Task material:
►
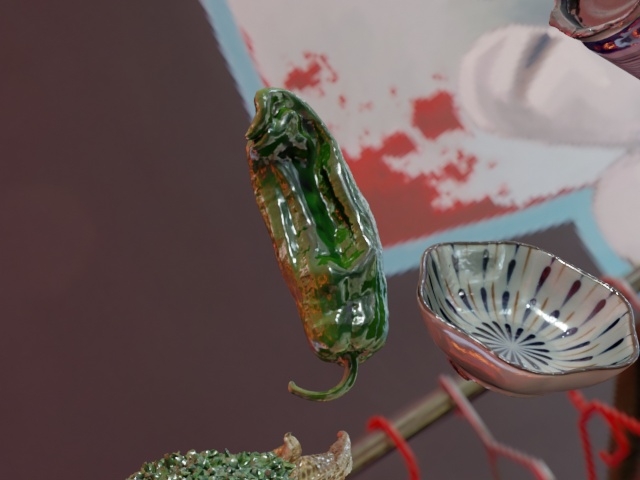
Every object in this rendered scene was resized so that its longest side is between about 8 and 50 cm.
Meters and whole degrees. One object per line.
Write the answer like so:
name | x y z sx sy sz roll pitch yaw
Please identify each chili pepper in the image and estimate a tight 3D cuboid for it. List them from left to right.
chili pepper | -0.002 -0.002 1.136 0.100 0.257 0.074 -9 -24 -24

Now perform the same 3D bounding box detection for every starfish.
starfish | -0.077 0.199 1.191 0.235 0.062 0.277 -10 -6 -14

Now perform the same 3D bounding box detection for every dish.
dish | 0.155 0.074 1.130 0.190 0.190 0.066 -17 -47 -43

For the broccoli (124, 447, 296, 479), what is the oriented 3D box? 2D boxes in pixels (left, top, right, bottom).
broccoli | -0.076 0.247 0.994 0.194 0.194 0.219 -32 14 -9

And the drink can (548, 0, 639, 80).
drink can | 0.218 -0.076 0.617 0.235 0.097 0.097 25 -51 -21
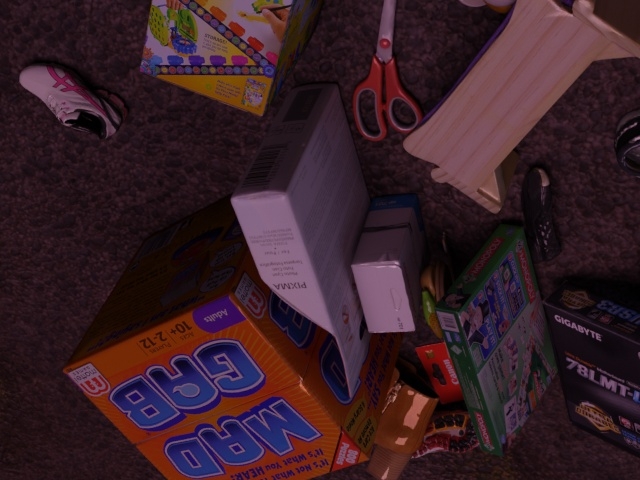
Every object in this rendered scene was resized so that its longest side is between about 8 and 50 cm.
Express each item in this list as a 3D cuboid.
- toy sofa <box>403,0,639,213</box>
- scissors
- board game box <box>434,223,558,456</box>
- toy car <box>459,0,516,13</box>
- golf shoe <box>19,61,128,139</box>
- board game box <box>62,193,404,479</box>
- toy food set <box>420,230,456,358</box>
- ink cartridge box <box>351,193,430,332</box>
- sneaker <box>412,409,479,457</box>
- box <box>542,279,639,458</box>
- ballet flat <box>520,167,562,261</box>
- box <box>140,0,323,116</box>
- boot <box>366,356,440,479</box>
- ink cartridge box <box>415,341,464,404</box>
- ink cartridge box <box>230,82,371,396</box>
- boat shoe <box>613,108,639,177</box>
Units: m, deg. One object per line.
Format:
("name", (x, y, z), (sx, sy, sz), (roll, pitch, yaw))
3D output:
("toy sofa", (0.280, -0.223, 1.472), (0.177, 0.150, 0.362), (33, 134, -4))
("scissors", (0.086, -0.278, 1.593), (0.109, 0.021, 0.297), (1, 127, 19))
("board game box", (0.292, 0.162, 1.726), (0.046, 0.213, 0.317), (9, 133, 38))
("toy car", (0.219, -0.395, 1.404), (0.136, 0.159, 0.182), (-43, 108, 0))
("golf shoe", (-0.409, -0.228, 1.741), (0.186, 0.086, 0.067), (25, 130, -1))
("board game box", (-0.122, 0.164, 1.768), (0.357, 0.356, 0.356), (-25, 115, 31))
("toy food set", (0.189, 0.089, 1.723), (0.039, 0.192, 0.132), (-6, 126, 15))
("ink cartridge box", (0.117, 0.035, 1.706), (0.082, 0.190, 0.139), (-3, 124, 19))
("sneaker", (0.218, 0.355, 1.976), (0.225, 0.093, 0.088), (-5, 87, 41))
("box", (0.508, 0.234, 1.705), (0.295, 0.073, 0.293), (25, 147, 45))
("ballet flat", (0.348, -0.043, 1.680), (0.049, 0.057, 0.173), (-23, 126, -15))
("box", (-0.084, -0.371, 1.405), (0.177, 0.290, 0.279), (21, 128, 2))
("boot", (0.071, 0.289, 1.976), (0.295, 0.104, 0.211), (29, 107, 26))
("ink cartridge box", (0.272, 0.239, 1.905), (0.179, 0.045, 0.145), (-14, 120, 23))
("ink cartridge box", (0.000, 0.000, 1.642), (0.091, 0.308, 0.385), (-3, 125, 19))
("boat shoe", (0.571, -0.130, 1.509), (0.303, 0.091, 0.114), (-4, 124, 20))
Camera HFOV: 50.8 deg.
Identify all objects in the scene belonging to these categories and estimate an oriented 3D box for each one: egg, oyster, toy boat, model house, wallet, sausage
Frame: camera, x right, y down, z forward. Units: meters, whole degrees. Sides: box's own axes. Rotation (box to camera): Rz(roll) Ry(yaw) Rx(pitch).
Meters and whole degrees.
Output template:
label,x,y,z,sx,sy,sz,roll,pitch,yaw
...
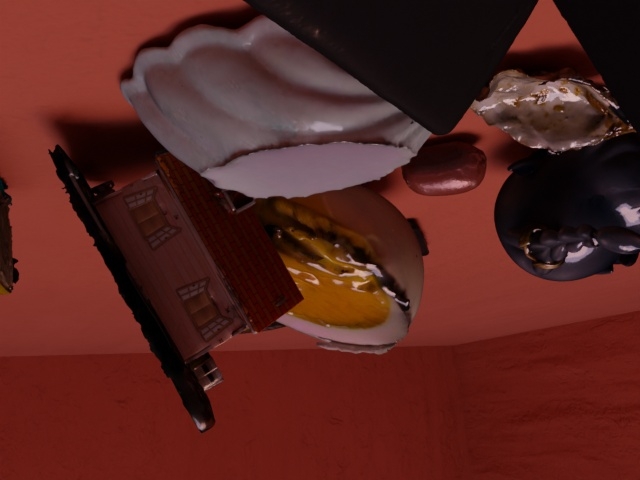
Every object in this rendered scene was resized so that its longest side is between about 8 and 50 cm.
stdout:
label,x,y,z,sx,sy,sz,roll,pitch,yaw
egg,-0.002,0.002,0.829,0.286,0.174,0.264,33,148,-24
oyster,0.213,-0.123,0.608,0.148,0.051,0.103,24,159,-2
toy boat,-0.021,-0.098,0.548,0.291,0.100,0.199,-9,166,20
model house,-0.131,0.019,0.693,0.154,0.293,0.207,-29,-179,-11
wallet,0.056,-0.144,0.390,0.124,0.025,0.244,-56,147,11
sausage,0.137,-0.080,0.749,0.094,0.058,0.054,-5,153,18

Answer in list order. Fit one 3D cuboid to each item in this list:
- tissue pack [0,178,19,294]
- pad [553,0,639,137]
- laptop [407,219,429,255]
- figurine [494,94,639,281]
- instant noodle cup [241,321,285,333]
label,x,y,z,sx,sy,sz,roll,pitch,yaw
tissue pack,-0.447,-0.016,0.638,0.271,0.133,0.192,-2,164,-15
pad,0.206,-0.129,0.287,0.005,0.202,0.300,-30,176,-13
laptop,0.102,0.007,1.145,0.154,0.026,0.207,-10,166,12
figurine,0.303,-0.049,0.725,0.197,0.175,0.265,-11,159,-11
instant noodle cup,-0.176,0.134,1.397,0.274,0.090,0.274,-5,166,-1
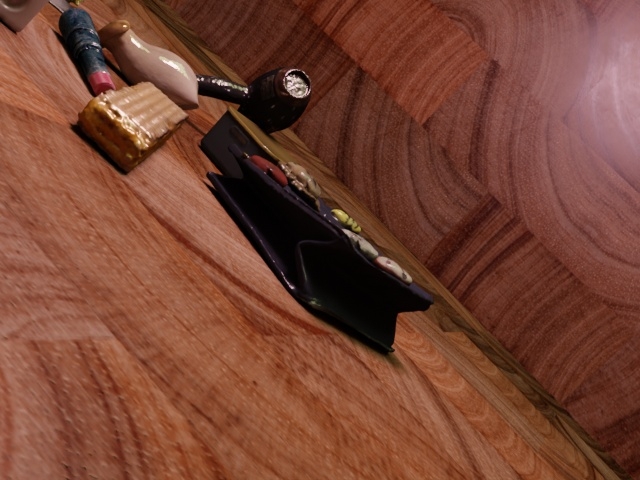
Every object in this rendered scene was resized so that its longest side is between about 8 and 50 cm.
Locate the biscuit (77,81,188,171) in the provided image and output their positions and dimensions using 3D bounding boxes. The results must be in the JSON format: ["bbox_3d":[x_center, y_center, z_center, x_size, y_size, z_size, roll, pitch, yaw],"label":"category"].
[{"bbox_3d":[-0.247,-0.162,1.325,0.094,0.054,0.379,42,8,-9],"label":"biscuit"}]

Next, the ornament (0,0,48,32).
[{"bbox_3d":[-0.431,-0.471,1.319,0.239,0.240,0.240,38,10,-34],"label":"ornament"}]

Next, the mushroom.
[{"bbox_3d":[-0.290,-0.298,1.691,0.212,0.088,0.097,38,24,-17],"label":"mushroom"}]

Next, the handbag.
[{"bbox_3d":[0.000,0.000,1.531,0.329,0.122,0.303,48,9,37],"label":"handbag"}]

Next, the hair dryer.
[{"bbox_3d":[-0.214,-0.278,1.857,0.359,0.120,0.303,13,-16,-29],"label":"hair dryer"}]

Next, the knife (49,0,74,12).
[{"bbox_3d":[-0.472,-0.429,1.718,0.230,0.028,0.060,44,19,-27],"label":"knife"}]

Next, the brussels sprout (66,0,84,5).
[{"bbox_3d":[-0.451,-0.458,1.796,0.058,0.085,0.085,42,7,4],"label":"brussels sprout"}]

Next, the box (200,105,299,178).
[{"bbox_3d":[-0.115,-0.141,1.772,0.144,0.090,0.201,48,8,25],"label":"box"}]

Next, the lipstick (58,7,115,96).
[{"bbox_3d":[-0.339,-0.276,1.460,0.053,0.053,0.234,38,11,-41],"label":"lipstick"}]
◄
Task details:
Word for word, restate the lines of the data above that fall between the line holding "- toy car <box>459,0,516,13</box>" and the line holding "- ink cartridge box <box>415,341,464,404</box>", inclusive, and no other lines.

Response area:
- toy car <box>459,0,516,13</box>
- golf shoe <box>19,61,128,139</box>
- board game box <box>62,193,404,479</box>
- toy food set <box>420,230,456,358</box>
- ink cartridge box <box>351,193,430,332</box>
- sneaker <box>412,409,479,457</box>
- box <box>542,279,639,458</box>
- ballet flat <box>520,167,562,261</box>
- box <box>140,0,323,116</box>
- boot <box>366,356,440,479</box>
- ink cartridge box <box>415,341,464,404</box>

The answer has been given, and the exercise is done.